Meanwhile, there are also many new technologies hitting the market to solve emerging problems for organisations, such as CASB (Cloud Access Security Brokers), EDR (Endpoint Detection & Response) and ATP (Advanced Threat Protection). Whilst these controls and mitigation strategies are crucial for protecting your organisation into the future, they can typically be massive projects to overhaul, especially if your existing setup is not optimal. What is of paramount importance is the little-discussed topic called Configuration.

Over time your environment can fall victim to Configuration Drift. This occurs when your configuration drifts away from best practice either because best practice itself changes (e.g. new product features), your internal environment changes (e.g. shift to cloud infrastructure), or the external environment changes (e.g. more roaming users).

Hindsight is a wonderful thing

After having spent years engaging with customers on security matters, we often find that when a cyber incident has occurred, it was often preventable with some fairly minor tweaks to existing technical control configurations. I often hear about the ‘if only’ scenarios and what could’ve been done differently.
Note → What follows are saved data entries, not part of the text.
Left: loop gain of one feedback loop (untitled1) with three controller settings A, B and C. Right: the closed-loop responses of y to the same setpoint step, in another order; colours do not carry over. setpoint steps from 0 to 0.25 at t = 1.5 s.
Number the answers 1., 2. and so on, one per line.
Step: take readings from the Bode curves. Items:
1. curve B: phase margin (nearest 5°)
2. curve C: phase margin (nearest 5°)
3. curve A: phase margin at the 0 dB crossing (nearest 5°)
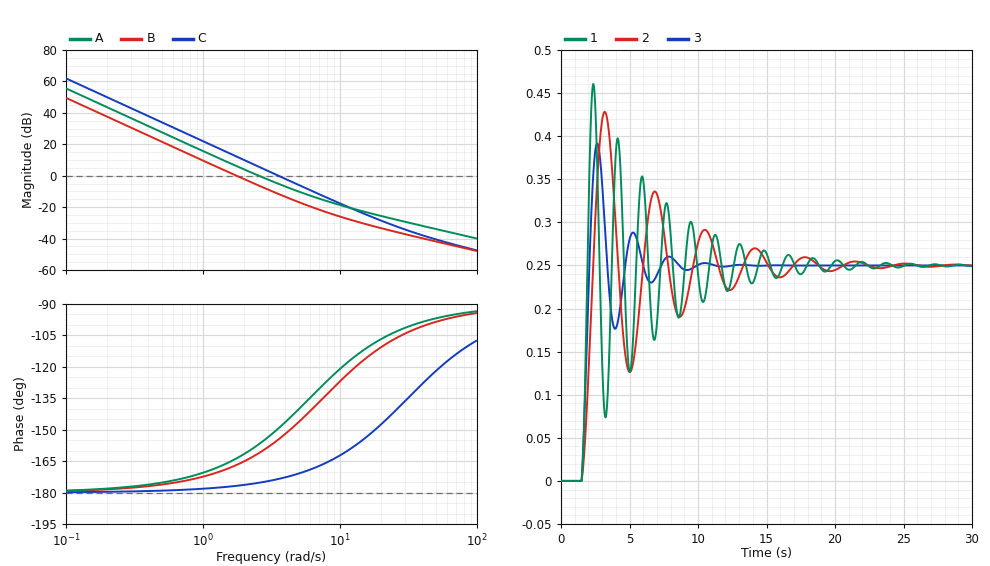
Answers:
1. 15°
2. 5°
3. 25°
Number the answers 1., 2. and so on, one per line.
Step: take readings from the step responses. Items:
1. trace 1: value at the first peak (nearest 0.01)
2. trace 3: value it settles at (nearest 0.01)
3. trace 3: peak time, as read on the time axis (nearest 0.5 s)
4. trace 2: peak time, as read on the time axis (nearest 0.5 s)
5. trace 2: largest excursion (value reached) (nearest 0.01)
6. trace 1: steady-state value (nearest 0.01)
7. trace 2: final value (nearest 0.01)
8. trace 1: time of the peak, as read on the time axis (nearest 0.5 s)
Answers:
1. 0.46
2. 0.25
3. 2.5 s
4. 3.0 s
5. 0.43
6. 0.25
7. 0.25
8. 2.5 s
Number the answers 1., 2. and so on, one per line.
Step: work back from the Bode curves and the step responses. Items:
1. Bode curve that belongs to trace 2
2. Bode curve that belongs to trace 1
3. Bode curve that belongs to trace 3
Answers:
1. B
2. C
3. A
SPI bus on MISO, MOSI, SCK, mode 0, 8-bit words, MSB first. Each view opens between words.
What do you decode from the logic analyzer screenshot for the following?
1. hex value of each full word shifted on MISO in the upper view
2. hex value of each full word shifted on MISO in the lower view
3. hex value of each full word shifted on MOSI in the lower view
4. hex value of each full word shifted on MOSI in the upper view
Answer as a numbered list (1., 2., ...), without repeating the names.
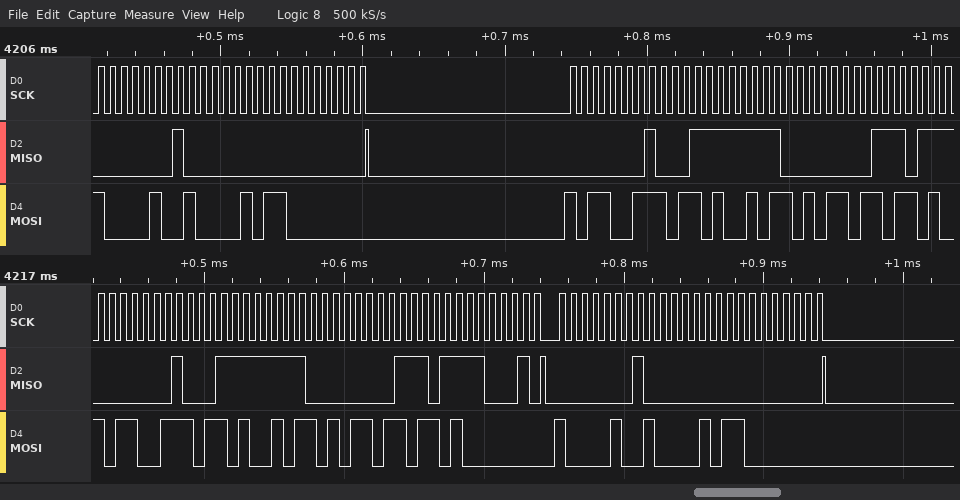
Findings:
1. 01, 00, 00, 01, 1F, E0, 1D
2. 01, 1F, E0, 1D, E2, 01, 00, 00
3. B3, B4, B5, B6, 80, 84, 85, 80
4. 84, 85, 80, B3, B4, B5, B6
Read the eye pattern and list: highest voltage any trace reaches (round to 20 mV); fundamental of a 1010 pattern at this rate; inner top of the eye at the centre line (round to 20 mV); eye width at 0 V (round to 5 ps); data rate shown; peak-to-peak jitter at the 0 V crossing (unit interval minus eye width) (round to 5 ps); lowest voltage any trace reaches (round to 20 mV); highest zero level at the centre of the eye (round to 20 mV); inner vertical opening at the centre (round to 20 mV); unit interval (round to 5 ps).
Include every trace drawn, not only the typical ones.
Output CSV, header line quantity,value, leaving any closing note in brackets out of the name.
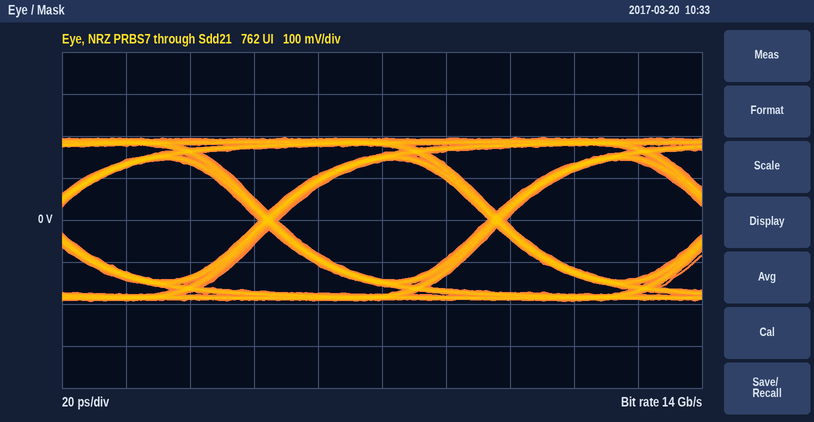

Beware of vendors claiming to offer the silver bullet

Unfortunately, some vendors ride on the coattails of a cyber incident claiming to offer a “silver bullet” (a product or service that will “completely solve” a problem). Be it Ransomware, Phishing or other types of sophisticated attacks. Let me say right here, Silver Bullets do not exist!

Instead, our belief at Infotrust is if you do the basics really really well, this will prevent a significant portion of attacks that you are currently vulnerable to. For many organisations, it doesn’t make sense to ‘boil the ocean’ with an array of highly specialised technical controls that ultimately result in you being overrun with technology that you’re unable to effectively manage, which in turn results in poor utilisation, effectiveness and low/no ROI.

Most organisations have improperly configured security controls

Now please don’t take this statement as me ‘calling your baby ugly’ – this is not the case.

At Infotrust we focus a considerable amount of time and effort proactively reviewing the configuration of our customers and in every case, we find ways to optimise the configuration. Why is this? Change is the one constant in Cyber Security – changes to the threat landscape, changes to the internal environment, changes to infrastructure, changes to business requirements, changes in the way users work or connect, changes in IT staff and changes to the technical controls themselves (especially in auto-updating cloud services). Additionally, over time a business may change their configuration for operational reasons that may not be optimal. For example, an application breaks and the work around may be to disable a feature on the endpoint security or open a port on a firewall – whilst this resolves the application error, the implications can be significant.

The crux of many cyber security incidents is in poor configuration or poor utilisation of existing security controls.

1) Enable HTTPS inspection of web traffic

More than 50% of web traffic is now securely encrypted and this is set to grow as we increase use of websites and cloud applications that require content to be kept private and protected from inspection by unwanted parties. However, for these same reasons, the bad guys love to encrypt their web traffic, but instead to prevent interception by unwanted parties such as Secure Web Gateway Anti-Malware solutions.

Most good Web Gateway providers, such as Blue Coat WSS, Zscaler, Symantec Web Security.cloud to name a few provide native SSL inspection at no additional cost. This ensures that the full content of the web traffic is “man in the middle” decrypted, scanned for malware, then “self-signed” encrypted as the content is delivered to your user. Typically, all that is required is to deploy certificates to your users’ browsers and enable the feature in the cloud portal.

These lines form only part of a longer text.